Should a line below contain the word "mind", report it.

### WORKING DATA:
- Opening Delimiter -
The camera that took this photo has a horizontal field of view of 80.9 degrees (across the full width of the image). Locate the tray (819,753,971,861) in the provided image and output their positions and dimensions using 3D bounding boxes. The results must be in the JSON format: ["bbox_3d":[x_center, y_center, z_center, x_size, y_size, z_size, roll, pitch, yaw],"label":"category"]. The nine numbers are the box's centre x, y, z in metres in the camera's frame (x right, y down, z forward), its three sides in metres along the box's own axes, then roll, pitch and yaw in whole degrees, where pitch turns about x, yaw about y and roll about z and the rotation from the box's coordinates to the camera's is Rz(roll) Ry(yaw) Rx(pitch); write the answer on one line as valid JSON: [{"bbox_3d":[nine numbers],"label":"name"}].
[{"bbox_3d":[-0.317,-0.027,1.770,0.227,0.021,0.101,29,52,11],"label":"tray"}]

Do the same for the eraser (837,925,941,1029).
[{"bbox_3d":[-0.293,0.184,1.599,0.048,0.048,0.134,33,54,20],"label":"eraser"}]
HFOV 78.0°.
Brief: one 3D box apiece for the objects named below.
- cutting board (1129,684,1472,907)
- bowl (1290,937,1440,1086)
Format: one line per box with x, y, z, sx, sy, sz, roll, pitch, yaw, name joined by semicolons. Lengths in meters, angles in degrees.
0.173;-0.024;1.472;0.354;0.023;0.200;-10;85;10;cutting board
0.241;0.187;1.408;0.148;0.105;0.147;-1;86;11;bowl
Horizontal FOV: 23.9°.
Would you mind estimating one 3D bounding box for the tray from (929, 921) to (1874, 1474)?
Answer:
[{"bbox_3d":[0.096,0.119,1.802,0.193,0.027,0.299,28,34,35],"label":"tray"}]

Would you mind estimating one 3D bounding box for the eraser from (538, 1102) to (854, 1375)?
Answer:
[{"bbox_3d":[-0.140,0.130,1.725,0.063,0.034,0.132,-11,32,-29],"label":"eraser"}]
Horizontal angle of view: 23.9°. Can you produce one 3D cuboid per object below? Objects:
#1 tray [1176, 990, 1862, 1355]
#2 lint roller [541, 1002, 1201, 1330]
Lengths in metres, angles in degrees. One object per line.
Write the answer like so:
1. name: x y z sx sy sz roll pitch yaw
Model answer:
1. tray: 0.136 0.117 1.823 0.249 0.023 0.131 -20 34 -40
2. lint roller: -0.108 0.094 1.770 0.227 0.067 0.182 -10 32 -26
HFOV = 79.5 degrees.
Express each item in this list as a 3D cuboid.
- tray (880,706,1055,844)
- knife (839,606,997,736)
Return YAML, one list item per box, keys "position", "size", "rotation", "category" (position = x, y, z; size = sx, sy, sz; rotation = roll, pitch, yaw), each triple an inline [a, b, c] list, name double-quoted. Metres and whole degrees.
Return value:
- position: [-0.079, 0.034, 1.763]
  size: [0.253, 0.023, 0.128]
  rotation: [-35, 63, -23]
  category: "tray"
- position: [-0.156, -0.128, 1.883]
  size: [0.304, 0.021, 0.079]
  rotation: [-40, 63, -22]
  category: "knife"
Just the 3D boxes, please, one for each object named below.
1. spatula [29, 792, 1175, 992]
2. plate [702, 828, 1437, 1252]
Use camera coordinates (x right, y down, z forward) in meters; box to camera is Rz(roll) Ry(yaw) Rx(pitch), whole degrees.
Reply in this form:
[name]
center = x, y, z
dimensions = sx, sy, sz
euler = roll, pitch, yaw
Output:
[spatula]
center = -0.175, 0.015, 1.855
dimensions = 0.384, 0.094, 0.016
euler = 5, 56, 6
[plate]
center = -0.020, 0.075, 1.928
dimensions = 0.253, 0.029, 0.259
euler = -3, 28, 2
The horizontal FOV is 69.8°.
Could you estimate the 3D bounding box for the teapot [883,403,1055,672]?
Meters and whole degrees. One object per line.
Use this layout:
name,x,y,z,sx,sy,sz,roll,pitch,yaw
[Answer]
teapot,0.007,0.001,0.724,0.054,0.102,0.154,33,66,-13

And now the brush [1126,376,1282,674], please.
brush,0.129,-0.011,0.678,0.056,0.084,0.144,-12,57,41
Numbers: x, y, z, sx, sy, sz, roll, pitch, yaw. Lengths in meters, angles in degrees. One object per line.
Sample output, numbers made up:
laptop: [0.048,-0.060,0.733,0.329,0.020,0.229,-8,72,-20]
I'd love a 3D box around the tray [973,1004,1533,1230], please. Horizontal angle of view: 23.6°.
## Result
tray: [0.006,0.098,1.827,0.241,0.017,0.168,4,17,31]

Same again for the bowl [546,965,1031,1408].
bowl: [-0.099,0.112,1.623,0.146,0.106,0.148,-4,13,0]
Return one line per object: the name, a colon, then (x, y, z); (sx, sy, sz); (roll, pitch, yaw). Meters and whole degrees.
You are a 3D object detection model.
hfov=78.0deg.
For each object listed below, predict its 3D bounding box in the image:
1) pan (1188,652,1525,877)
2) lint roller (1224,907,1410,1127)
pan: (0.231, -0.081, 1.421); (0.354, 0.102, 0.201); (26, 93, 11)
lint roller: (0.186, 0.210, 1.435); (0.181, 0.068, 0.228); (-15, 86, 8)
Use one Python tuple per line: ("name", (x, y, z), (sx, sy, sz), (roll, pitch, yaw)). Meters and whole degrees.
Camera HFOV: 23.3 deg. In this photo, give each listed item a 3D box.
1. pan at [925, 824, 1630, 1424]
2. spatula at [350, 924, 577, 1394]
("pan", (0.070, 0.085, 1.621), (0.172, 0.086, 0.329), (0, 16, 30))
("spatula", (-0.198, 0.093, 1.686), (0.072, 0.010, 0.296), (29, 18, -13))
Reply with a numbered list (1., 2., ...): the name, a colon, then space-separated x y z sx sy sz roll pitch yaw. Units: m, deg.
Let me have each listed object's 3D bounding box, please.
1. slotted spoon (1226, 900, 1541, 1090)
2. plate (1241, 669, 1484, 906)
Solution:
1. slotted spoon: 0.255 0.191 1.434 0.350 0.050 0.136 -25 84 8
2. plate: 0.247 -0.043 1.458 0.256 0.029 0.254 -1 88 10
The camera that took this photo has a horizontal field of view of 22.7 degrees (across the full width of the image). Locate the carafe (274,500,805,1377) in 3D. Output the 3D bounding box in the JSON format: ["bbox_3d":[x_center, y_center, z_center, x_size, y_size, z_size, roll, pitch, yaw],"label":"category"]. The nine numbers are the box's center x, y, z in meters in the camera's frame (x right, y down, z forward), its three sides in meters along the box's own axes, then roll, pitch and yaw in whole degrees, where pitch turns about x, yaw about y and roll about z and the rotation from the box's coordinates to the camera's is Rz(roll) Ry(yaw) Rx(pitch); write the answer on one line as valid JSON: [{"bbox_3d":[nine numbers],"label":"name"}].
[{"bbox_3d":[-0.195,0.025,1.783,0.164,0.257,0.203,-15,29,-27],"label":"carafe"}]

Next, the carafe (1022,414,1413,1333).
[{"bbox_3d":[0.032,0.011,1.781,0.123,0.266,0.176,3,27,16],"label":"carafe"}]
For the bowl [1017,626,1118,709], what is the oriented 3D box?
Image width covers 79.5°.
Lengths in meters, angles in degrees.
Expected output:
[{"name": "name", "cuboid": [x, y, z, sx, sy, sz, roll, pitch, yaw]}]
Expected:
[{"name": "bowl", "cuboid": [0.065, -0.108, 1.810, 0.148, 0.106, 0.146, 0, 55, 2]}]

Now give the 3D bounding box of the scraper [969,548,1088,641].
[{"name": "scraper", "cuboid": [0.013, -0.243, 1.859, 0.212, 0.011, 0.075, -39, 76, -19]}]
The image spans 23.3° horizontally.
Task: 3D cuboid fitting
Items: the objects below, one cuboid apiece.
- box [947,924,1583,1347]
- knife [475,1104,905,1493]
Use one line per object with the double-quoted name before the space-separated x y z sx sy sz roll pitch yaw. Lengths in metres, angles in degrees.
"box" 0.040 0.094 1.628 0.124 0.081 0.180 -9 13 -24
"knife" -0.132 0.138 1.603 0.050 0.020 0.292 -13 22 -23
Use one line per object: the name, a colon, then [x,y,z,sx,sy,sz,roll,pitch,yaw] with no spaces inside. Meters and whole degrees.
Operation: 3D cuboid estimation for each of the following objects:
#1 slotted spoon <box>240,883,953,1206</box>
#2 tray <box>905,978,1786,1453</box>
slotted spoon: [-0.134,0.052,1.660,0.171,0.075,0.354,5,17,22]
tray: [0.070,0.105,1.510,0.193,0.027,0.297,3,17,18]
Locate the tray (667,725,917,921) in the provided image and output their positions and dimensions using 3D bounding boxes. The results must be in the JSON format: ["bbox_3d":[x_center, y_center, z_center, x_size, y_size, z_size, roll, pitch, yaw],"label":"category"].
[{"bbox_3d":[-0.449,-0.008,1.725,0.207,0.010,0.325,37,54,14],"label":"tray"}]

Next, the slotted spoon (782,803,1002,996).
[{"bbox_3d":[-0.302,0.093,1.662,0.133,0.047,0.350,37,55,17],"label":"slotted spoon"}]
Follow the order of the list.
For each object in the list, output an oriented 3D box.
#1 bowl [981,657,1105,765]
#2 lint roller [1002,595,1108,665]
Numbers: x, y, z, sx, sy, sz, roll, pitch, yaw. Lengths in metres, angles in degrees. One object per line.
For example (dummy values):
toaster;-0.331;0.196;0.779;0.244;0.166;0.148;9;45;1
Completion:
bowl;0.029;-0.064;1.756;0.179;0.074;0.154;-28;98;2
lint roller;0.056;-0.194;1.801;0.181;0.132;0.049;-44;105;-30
- Closing Delimiter -
### EXPECTED ANSWER:
Would you mind estimating one 3D bounding box for the tray from (929, 921) to (1874, 1474)?
Would you mind estimating one 3D bounding box for the eraser from (538, 1102) to (854, 1375)?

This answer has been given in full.